(Collected data)
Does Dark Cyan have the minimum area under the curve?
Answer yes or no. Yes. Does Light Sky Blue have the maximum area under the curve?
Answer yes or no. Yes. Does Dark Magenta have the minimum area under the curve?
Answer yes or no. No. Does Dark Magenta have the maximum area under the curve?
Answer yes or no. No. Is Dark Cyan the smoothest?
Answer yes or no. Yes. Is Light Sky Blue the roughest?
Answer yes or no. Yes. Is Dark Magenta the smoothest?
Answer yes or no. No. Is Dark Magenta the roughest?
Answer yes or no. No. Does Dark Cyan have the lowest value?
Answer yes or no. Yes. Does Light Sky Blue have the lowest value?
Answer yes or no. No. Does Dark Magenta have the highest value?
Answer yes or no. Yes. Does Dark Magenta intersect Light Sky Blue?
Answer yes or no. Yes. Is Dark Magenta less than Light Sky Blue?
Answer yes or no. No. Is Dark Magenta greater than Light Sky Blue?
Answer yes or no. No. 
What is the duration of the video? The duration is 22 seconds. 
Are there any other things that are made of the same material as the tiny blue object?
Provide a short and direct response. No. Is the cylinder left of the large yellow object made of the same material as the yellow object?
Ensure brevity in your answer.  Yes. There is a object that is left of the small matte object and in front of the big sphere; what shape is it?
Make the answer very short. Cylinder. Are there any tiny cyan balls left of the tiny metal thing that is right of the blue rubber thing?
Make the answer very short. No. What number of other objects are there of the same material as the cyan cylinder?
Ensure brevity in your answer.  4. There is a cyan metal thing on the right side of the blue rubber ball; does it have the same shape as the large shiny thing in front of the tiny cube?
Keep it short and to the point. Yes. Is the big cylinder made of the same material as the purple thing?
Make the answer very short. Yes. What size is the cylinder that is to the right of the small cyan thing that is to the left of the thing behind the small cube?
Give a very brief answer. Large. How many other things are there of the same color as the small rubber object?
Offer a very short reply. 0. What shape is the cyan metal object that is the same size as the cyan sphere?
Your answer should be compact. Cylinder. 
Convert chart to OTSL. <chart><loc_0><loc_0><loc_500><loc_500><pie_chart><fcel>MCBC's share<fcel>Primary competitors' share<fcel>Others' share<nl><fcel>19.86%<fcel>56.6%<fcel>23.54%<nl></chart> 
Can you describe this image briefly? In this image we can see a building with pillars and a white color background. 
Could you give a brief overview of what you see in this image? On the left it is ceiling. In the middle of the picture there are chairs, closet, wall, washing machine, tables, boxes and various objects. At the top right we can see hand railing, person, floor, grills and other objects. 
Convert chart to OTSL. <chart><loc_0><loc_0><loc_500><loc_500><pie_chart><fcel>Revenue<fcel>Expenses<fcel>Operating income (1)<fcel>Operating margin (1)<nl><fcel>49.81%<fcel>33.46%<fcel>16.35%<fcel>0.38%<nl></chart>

● **ASSIGNMENT**
Go to the line with "Are there any other" in the entries above and repeat every line from there through the line with "Provide a short", exactly and with no other text.

● **WRITTEN SOLUTION**
Are there any other things that are made of the same material as the tiny blue object?
Provide a short and direct response. No. Is the cylinder left of the large yellow object made of the same material as the yellow object?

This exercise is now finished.